“We don’t want to talk; our time is out.”

“Don’t you mean to run the trip this afternoon?” demanded the colonel, whose face suddenly flushed, as he saw the trick of his employees.

“No, sir! We do not,” replied the captain, a gleam of satisfaction on his face, as he realized that he was punishing the great man.

“Don’t say a word, father. Let them go,” whispered Waddie.

“You will find that we are not slaves,” added the captain.

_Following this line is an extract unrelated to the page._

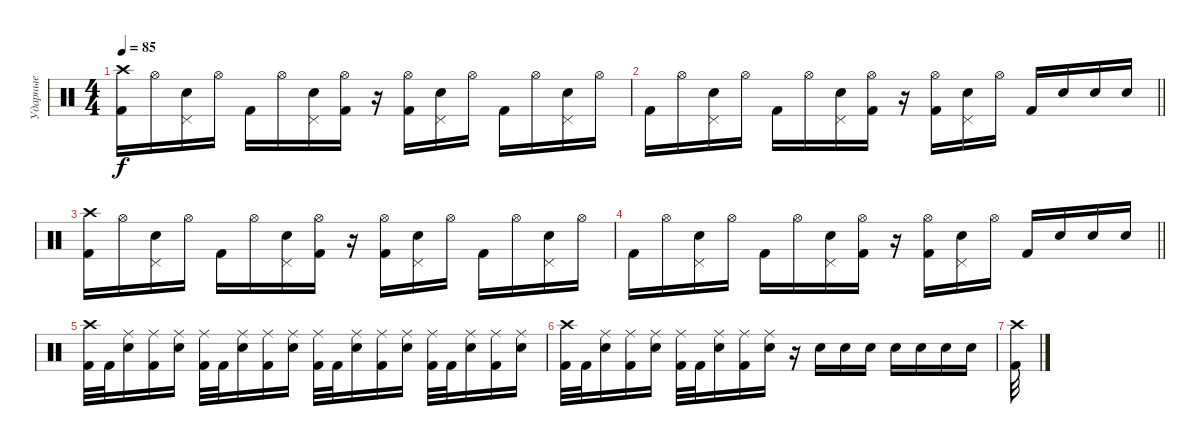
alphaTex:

Colonel Wimpleton looked at his watch. It wanted only half an hour of the advertised time to start the boat for Ucayga. He looked at Waddie, looked at me, and then at the two men, who doubtless expected, by the means they had chosen, to bring him down from “the high horse.” I watched the great man with intense interest; and perhaps I was as much excited as any person in the room.

CHAPTER XII.
CAPTAIN WOLF PENNIMAN.

My impression now is that neither the captain nor the engineer really intended to throw up his situation. While I could not, and did not, blame them for refusing to submit to the savage abuse of Colonel Wimpleton, I did not think it was quite fair to spring this trap upon their employer within thirty minutes of the time the boat was to start. But the colonel was not altogether unreasonable in his complaints. The men did not use every exertion to be on time. There was fault on both sides.

The captain had been instructed not to lose his connection, even if he always went without the up-lake passengers. On this day, as I learned, he had failed to connect, though he had not waited for the Hitaca boat. Passengers were dissatisfied, and the new steamer was rapidly losing the favor of the traveling public.

Colonel Wimpleton, as he stood before the fire in his library, realized that these men were trying to punish him. The whispered words of Waddie evidently made their impression upon him. He curbed his wrath and was silent for a moment.